Perang dingin seperti inilah yang kemudian berkembang tak terkontrol. Ceritanya berkembang, semuanya mengembangkan cerita menurut sudut pandangnya masing-masing dan kemudian ikut membakar serta menyulut setiap orang yang mendengarnya.
Setiap masalah, sekecil apa pun, bila tidak segera diselesaikan dan dipadamkan akan terus menjalar dan membesar ke segala arah. Membakar semuanya, menyulut semuanya. Sikap Purnama yang sedikit arogan memang menjadi alasan terbesar bagi Surya untuk terus menabuh genderang peperangan. Membenci Purnama telah jadi agenda wajib baginya.
Surya makin tenggelam dalam pikirannya itu. Dingin malam tak dirasai, erangan dan getaran skuter bututnya pun tak ia hiraukan. Surya termenung dalam perjalanan menuju satu sanggar seni di Jakarta. Seperti sudah ditentukan semesta perenungan itu akhirnya berujung pada perasaan ragu. Surya tiba-tiba merasa tidak yakin dengan keputusannya malam itu.

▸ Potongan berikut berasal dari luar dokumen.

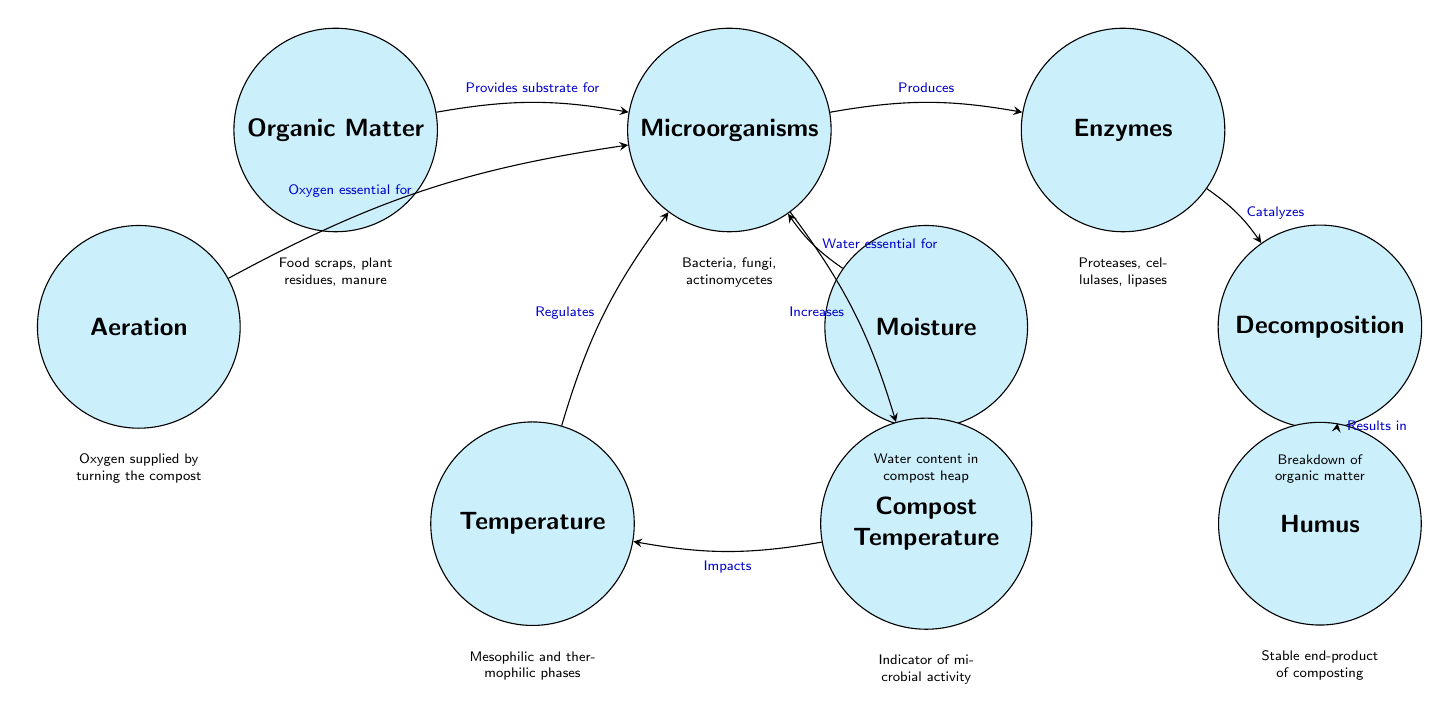What is the starting material in organic composting? The diagram starts with the node labeled "Organic Matter," which refers to the initial input for the composting process. This includes food scraps, plant residues, and manure as specified in the details below the node.
Answer: Organic Matter Who produces enzymes during the composting process? The diagram indicates that "Microorganisms" produce "Enzymes." This relationship is shown with an arrow pointing from the microorganisms node to the enzymes node, highlighting the production of enzymes as a result of microbial activity.
Answer: Microorganisms What does the decomposition process result in? According to the diagram, the node labeled "Decomposition" leads to the node "Humus," which is noted as the stable end-product of composting. This is shown by the connecting arrow indicating the outcome of decomposition.
Answer: Humus How does temperature affect microbial activity? The diagram presents "Temperature" as a regulatory factor affecting "Microorganisms." The arrow from "Temperature" to "Microorganisms" conveys that it regulates their activity levels, highlighting temperature's importance in composting.
Answer: Regulates How is oxygen supplied to microorganisms? In the diagram, "Aeration" provides "Oxygen essential for" "Microorganisms." The description notes that oxygen is supplied through the action of turning the compost, which is indicated by the connection from the aeration node.
Answer: Turning the compost What impacts compost temperature? The arrow in the diagram points from "Compost Temperature" to "Temperature," indicating that the compost temperature influences the temperature within the compost heap. This suggests a feedback loop where temperature levels regulate and affect microbial processes.
Answer: Impacts What is an indicator of microbial activity? The diagram connects "Microorganisms" to "Compost Temperature," describing the compost temperature as an indicator of microbial activity. The relationship shows that observing compost temperature helps to assess the level of microbial processes at play.
Answer: Compost Temperature What type of microorganisms are involved in composting? The node labeled "Microorganisms" contains a description that specifies the types involved: bacteria, fungi, and actinomycetes. This clearly identifies the various organisms working in the composting process.
Answer: Bacteria, fungi, actinomycetes How does moisture affect microorganisms? The diagram shows that "Moisture" is essential for "Microorganisms." The connection implies that maintaining appropriate moisture levels is critical for their activity, which directly influences the composting process.
Answer: Water essential for

“Kenapa juga pembicaraan ini harus malam-malam dan tempatnya di sana pula?” Tanya Surya di tengah riuh rendah raungan skuter miliknya yang kini sudah sampai di jalan Harmoni, Jakarta.
“Aku merasa akan dijebak,” lanjut Surya pada dirinya sendiri. “Apakah aku batalkan saja pertemuan ini?”
Di tengah perjalanan, Surya lalu bertemu dengan salah satu teman dekatnya di depan salah satu toko sepatu dekat Taman Ismail Marzuki. Ia pun berhenti, sekadar untuk basa-basi sebentar dengannya.
“Aku sedang menunggu metromini. Kamu sendiri malam-malam begini mau kemana?” ujar teman Surya.
Surya bercerita bahwa ia akan pergi menemui Purnama hendak membicarakan dan menyelesaikan permasalahan di antara mereka. “... Ikutlah denganku, temanilah aku ke sana,” ajak Surya di akhir ceritanya.
“Kamu tidak ingat? Sebulan yang lalu, saat kita mengadakan rapat seperti ini. Kita membahas permasalahan bersama Purnama dan apa yang terjadi?” Tiba-tiba mata sang teman seolah menyala merah membara.
Surya tentu masih mengingatnya. Saat itu dirinys hanya ditemani beberapa orang, sedangkan Purnama membawa semua teman-temannya. Bagai ayam dikepung kawanan musang, mereka habis dibantai. Secara tidak langsung hal itu telah menekan emosi mereka dan membuat geram orang-orang di kubu Surya.
Teman Surya benar-benar sakit hati atas sikap Purnama dan teman-temannya saat itu. Lebih lagi karena waktu itu ia cukup dominan bicara dan diserang habis-habisan oleh Purnama dan teman-temannya. Surya lalu menyinggung pendapat Ibnu yang cenderung netral dan mendorongnya untuk segera menyelesaikan masalah.